**Task directions**
Going through the material below, please gather all lines with the word "Pick" in them.

**Records supplied**
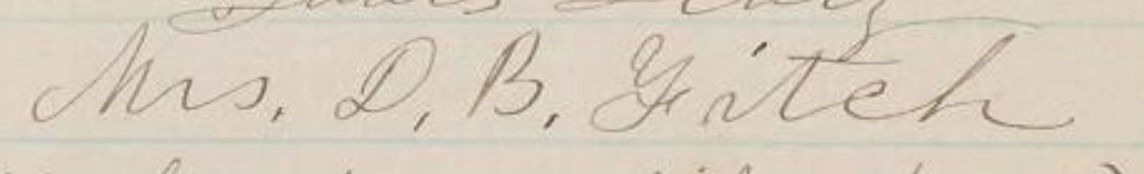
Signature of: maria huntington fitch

--

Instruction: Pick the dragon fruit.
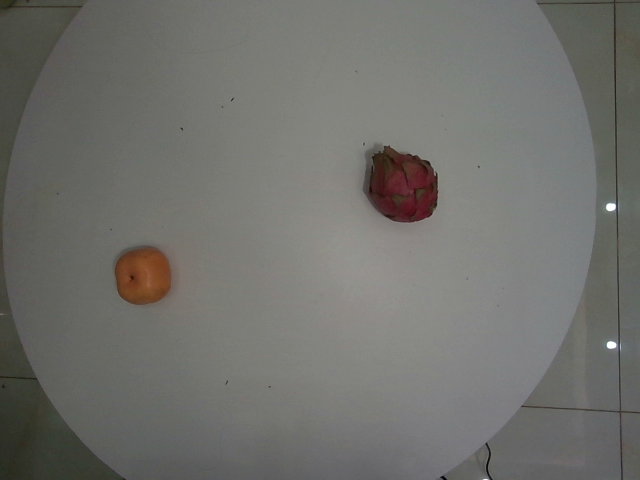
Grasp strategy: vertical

...

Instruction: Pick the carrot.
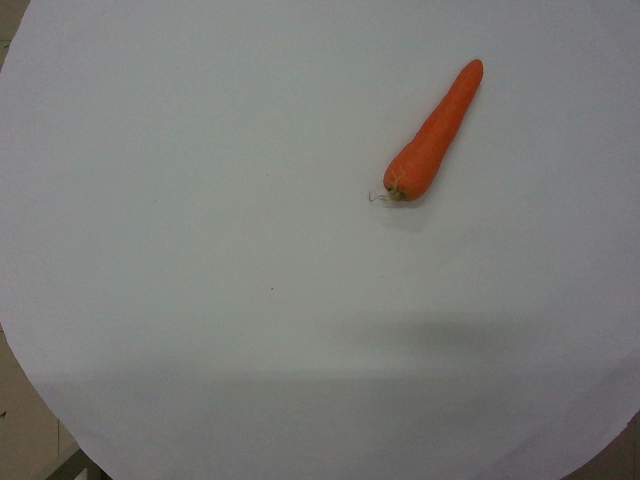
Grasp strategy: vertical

**Answer to this problem**
Instruction: Pick the dragon fruit.
Instruction: Pick the carrot.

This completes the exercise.